E imagino que todo mundo também já foi informado de que essa descoberta foi a causa da grande celeuma online que se propagou, ao longo da semana, sobre qual seria o tema da “importante descoberta de astrobiologia” para a qual a Nasa havia convocado uma entrevista coletiva, finalmente concedida às 17h de quinta-feira.

Se não me engano, chegou-se a publicar um vídeo no YouTube com  a “revelação” de que seria anunciada a descoberta de vida em Titã, uma das luas de Saturno.

Muita gente saiu culpando a Nasa por fazer “hype” indevido, mas tendo já alguns anos de experiência em teleconferências da agência espacial, posso dizer que a forma como o evento de quinta foi preparado, com a emissão de um comunicado “misterioso” sugerindo que algo muito importante seria anunciado,  é o procedimento-padrão da agência. A descoberta de percloratos em Marte, por exemplo, foi tratada da mesmíssima forma.

O “tom misterioso” do comunicado é, até certo ponto, uma necessidade. A pesquisa sairia numa revista científica, a Science, e seu conteúdo não poderia vir a público antes do fim do embargo imposto pelos editores da publicação. No fim, a pressão foi tanta que a revista liberou o embargo quase duas horas antes do prazo final.

Muitos jornalistas (eu inclusive) têm acesso prévio ao conteúdo que será publicado na Science. Isso acontece para que possamos, se for o caso, realizar entrevistas e pesquisas antes da divulgação oficial do material, e assim ter algo pronto sobre o assunto logo que a “lei do silêncio” cair.

Estando do “lado de dentro” do embargo wall, não foi difícil deduzir que a coletiva da Nasa — marcada para o horário exato da liberação pública do conteúdo da Science– tratava de algo que estaria na revista; e olhando o conteúdo da revista, não foi difícil achar qual era o estudo dali financiado pela Nasa.

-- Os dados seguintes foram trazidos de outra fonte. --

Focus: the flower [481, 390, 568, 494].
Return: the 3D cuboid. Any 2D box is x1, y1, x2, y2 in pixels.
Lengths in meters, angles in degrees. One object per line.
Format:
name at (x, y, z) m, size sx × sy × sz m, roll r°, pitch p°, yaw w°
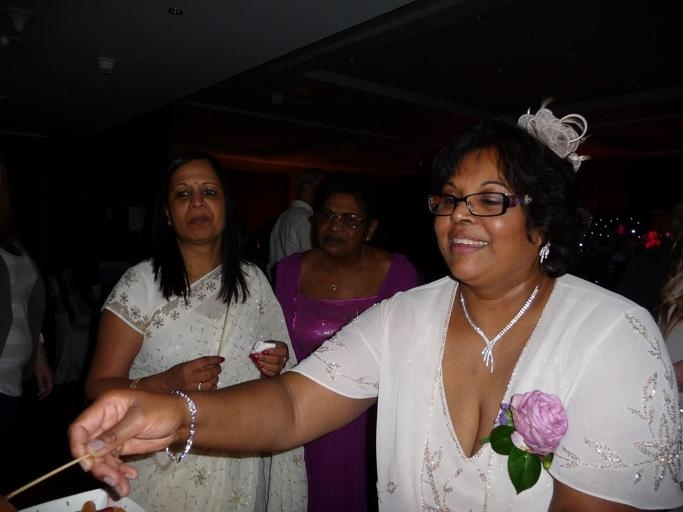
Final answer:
flower at (0.561, 0.538, 1.573) m, size 0.276 × 0.206 × 0.276 m, roll -19°, pitch -2°, yaw 3°
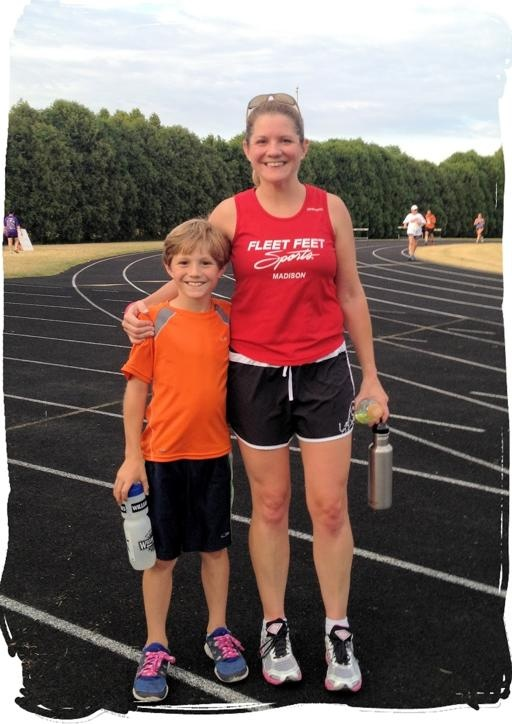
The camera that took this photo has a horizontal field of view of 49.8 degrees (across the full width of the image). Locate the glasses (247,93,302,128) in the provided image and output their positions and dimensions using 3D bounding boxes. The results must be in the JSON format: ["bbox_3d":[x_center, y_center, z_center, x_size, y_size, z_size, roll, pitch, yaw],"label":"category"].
[{"bbox_3d":[0.060,-0.855,1.836,0.191,0.088,0.094,0,8,1],"label":"glasses"}]

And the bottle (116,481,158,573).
[{"bbox_3d":[-0.391,0.583,1.875,0.103,0.349,0.118,6,10,38],"label":"bottle"}]

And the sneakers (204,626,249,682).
[{"bbox_3d":[-0.108,1.058,2.023,0.088,0.098,0.208,-3,2,-22],"label":"sneakers"}]

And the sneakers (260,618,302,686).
[{"bbox_3d":[0.088,1.021,1.955,0.098,0.110,0.238,-1,0,-5],"label":"sneakers"}]

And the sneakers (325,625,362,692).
[{"bbox_3d":[0.302,1.026,1.922,0.092,0.109,0.237,-1,3,3],"label":"sneakers"}]

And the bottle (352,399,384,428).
[{"bbox_3d":[0.416,0.191,2.047,0.085,0.109,0.100,-14,35,50],"label":"bottle"}]

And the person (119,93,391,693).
[{"bbox_3d":[0.162,0.111,1.922,0.627,2.015,0.414,-1,8,-5],"label":"person"}]

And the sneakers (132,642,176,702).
[{"bbox_3d":[-0.351,1.071,1.909,0.081,0.089,0.190,2,2,-6],"label":"sneakers"}]
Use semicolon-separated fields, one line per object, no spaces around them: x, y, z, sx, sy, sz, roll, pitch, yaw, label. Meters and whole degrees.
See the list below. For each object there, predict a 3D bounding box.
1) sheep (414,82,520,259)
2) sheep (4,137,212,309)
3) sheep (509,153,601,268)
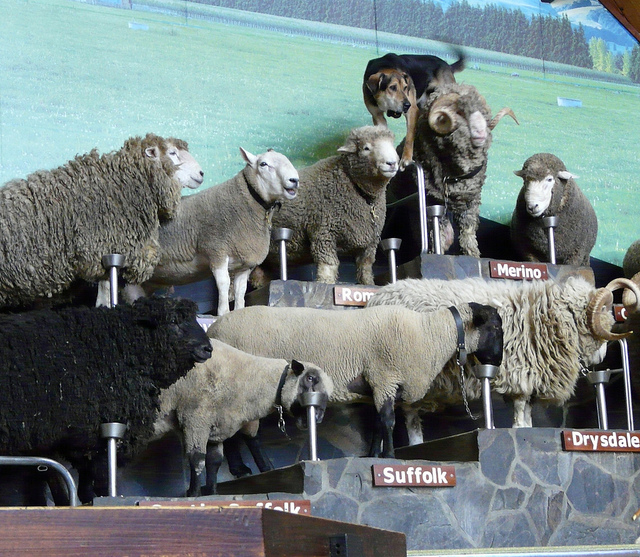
1.023;-0.765;11.802;0.664;1.406;1.339;5;16;5;sheep
-1.499;-0.345;10.141;1.237;1.022;0.491;-9;20;-35;sheep
1.720;-0.482;12.569;0.518;0.768;1.077;-9;-27;27;sheep
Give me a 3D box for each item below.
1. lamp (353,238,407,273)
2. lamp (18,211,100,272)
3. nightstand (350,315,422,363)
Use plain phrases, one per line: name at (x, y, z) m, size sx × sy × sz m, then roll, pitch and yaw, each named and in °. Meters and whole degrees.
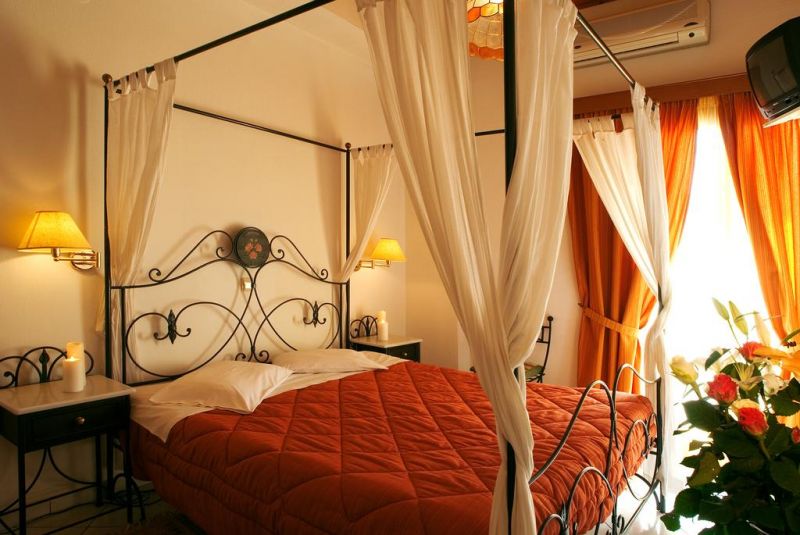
lamp at (-0.164, -0.118, 5.675) m, size 0.394 × 0.223 × 0.285 m, roll -2°, pitch 0°, yaw 3°
lamp at (-2.201, -0.156, 3.922) m, size 0.497 × 0.408 × 0.458 m, roll -3°, pitch -1°, yaw -30°
nightstand at (-0.159, 0.671, 5.605) m, size 0.470 × 0.489 × 0.484 m, roll 7°, pitch 9°, yaw 43°
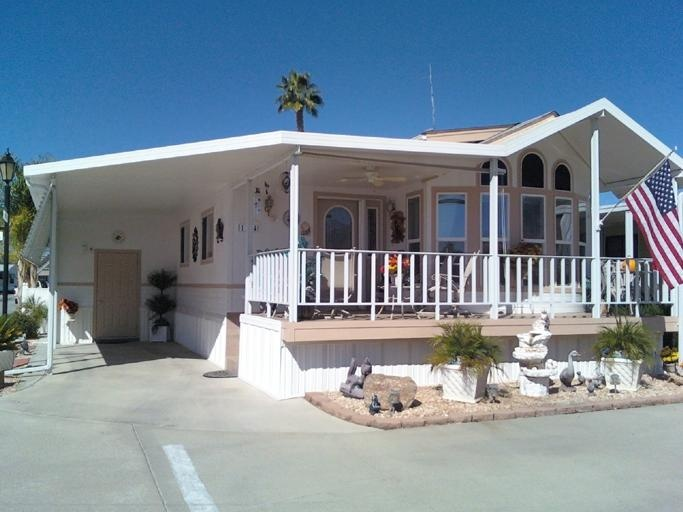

Nada a ver com ETs dando alô para os nossos radiotelescópios ou com o anúncio de vida em Titã, como todos já sabemos. Mas fica a questão de por que um comunicado muito dentro do padrão da Nasa — como de costume, redigido em termos escolhidos para chamar atenção, já que é isso que as assessorias de imprensa fazem —  provocou tanto alvoroço.

De acordo com este despacho da Associated Press, a coisa toda começou com especulações em um blog cujo autor estava fora do embargo wall, e portanto não sabia mesmo do que se tratava o anúncio, e que resolveu arriscar algumas deduções em público.

Mas, como disse Sherlock Holmes em Um Escândalo na Boêmia, “É um erro capital teorizar antes de se obter os dados. Inconscientemente, começa-se a torcer os fatos para que caibam nas teorias, e não as teorias para que  caibam nos fatos”.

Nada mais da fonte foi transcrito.